▶ Work instruction:
Word by word and line by line, write out all of the records.

Entries taken from a collection:
:::
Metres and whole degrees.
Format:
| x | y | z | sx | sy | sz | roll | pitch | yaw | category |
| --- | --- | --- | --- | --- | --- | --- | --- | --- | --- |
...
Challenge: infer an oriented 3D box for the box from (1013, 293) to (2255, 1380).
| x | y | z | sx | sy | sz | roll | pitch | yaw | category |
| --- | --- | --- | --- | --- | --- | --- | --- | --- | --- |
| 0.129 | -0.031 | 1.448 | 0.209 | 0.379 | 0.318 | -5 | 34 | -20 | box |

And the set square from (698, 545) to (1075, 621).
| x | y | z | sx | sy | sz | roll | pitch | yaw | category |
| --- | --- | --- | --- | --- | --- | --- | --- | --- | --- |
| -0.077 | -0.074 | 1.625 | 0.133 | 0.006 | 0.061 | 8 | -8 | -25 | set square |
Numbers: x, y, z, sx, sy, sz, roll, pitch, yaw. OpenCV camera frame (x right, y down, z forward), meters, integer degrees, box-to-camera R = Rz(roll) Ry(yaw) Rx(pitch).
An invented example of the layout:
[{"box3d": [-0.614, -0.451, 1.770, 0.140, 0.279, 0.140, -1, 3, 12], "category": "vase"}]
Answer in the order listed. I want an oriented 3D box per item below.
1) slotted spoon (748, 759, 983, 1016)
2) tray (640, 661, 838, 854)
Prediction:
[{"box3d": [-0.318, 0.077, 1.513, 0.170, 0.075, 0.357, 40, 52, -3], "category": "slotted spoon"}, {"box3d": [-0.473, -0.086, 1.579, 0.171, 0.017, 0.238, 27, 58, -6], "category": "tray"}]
:::
▶ Response for this exercise:
Metres and whole degrees.
Format:
| x | y | z | sx | sy | sz | roll | pitch | yaw | category |
| --- | --- | --- | --- | --- | --- | --- | --- | --- | --- |
...
Challenge: infer an oriented 3D box for the box from (1013, 293) to (2255, 1380).
| x | y | z | sx | sy | sz | roll | pitch | yaw | category |
| --- | --- | --- | --- | --- | --- | --- | --- | --- | --- |
| 0.129 | -0.031 | 1.448 | 0.209 | 0.379 | 0.318 | -5 | 34 | -20 | box |

And the set square from (698, 545) to (1075, 621).
| x | y | z | sx | sy | sz | roll | pitch | yaw | category |
| --- | --- | --- | --- | --- | --- | --- | --- | --- | --- |
| -0.077 | -0.074 | 1.625 | 0.133 | 0.006 | 0.061 | 8 | -8 | -25 | set square |
Numbers: x, y, z, sx, sy, sz, roll, pitch, yaw. OpenCV camera frame (x right, y down, z forward), meters, integer degrees, box-to-camera R = Rz(roll) Ry(yaw) Rx(pitch).
An invented example of the layout:
[{"box3d": [-0.614, -0.451, 1.770, 0.140, 0.279, 0.140, -1, 3, 12], "category": "vase"}]
Answer in the order listed. I want an oriented 3D box per item below.
1) slotted spoon (748, 759, 983, 1016)
2) tray (640, 661, 838, 854)
Prediction:
[{"box3d": [-0.318, 0.077, 1.513, 0.170, 0.075, 0.357, 40, 52, -3], "category": "slotted spoon"}, {"box3d": [-0.473, -0.086, 1.579, 0.171, 0.017, 0.238, 27, 58, -6], "category": "tray"}]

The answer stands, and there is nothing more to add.